Saved data entries

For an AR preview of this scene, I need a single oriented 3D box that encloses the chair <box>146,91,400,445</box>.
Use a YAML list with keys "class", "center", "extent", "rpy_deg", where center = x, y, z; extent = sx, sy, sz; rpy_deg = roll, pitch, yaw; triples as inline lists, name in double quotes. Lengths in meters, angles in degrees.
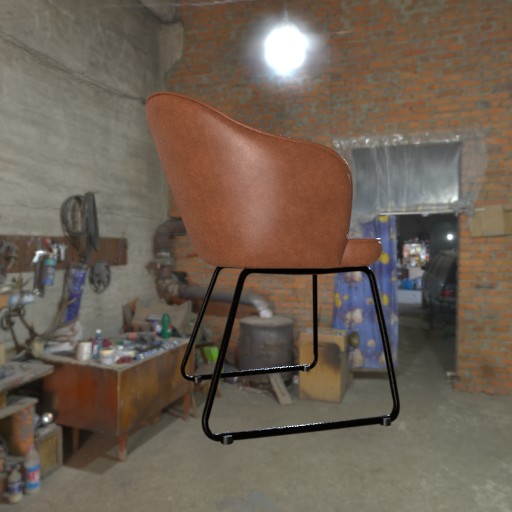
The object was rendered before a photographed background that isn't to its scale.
- class: "chair"
  center: [0.000, 0.000, 1.203]
  extent: [0.580, 0.785, 0.582]
  rpy_deg: [0, 1, -16]
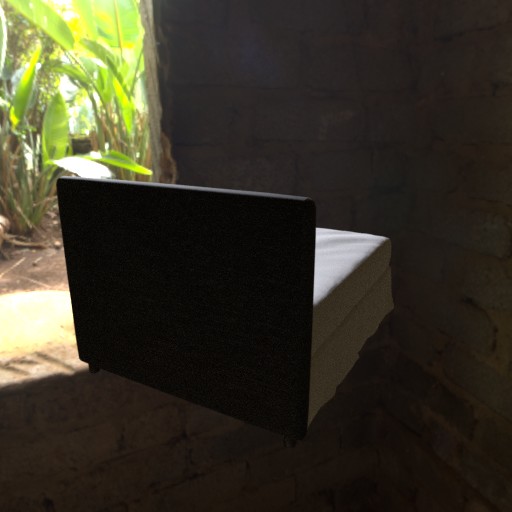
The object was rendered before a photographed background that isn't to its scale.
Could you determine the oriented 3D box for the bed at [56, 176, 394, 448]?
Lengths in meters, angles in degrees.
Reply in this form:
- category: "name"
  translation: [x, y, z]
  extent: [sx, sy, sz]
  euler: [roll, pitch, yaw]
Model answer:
- category: "bed"
  translation: [0.000, 0.000, 3.343]
  extent: [1.723, 1.330, 2.142]
  euler: [9, 19, 28]
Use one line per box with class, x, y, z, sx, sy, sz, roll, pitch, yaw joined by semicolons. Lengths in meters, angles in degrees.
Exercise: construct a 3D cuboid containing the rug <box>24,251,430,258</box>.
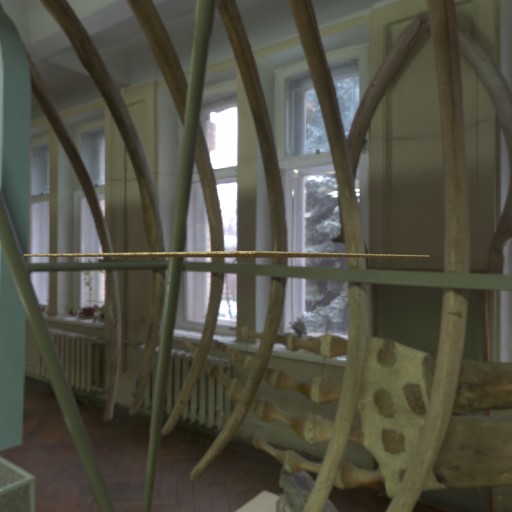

Work required: In the records above, find each line that mentions the word "meters", and copy it.

Worked solution:
Use a YAML list with keys "class", "center", "extent", "rpy_deg", where center = x, y, z; extent = sx, sy, sz; rpy_deg = roll, pitch, yaw; triples as inline lists, name in double quotes. Lengths in meters, angles in degrees.
Lengths in meters, angles in degrees.
Use one line per box with class, x, y, z, sx, sy, sz, roll, pitch, yaw joined by semicolons. Lengths in meters, angles in degrees.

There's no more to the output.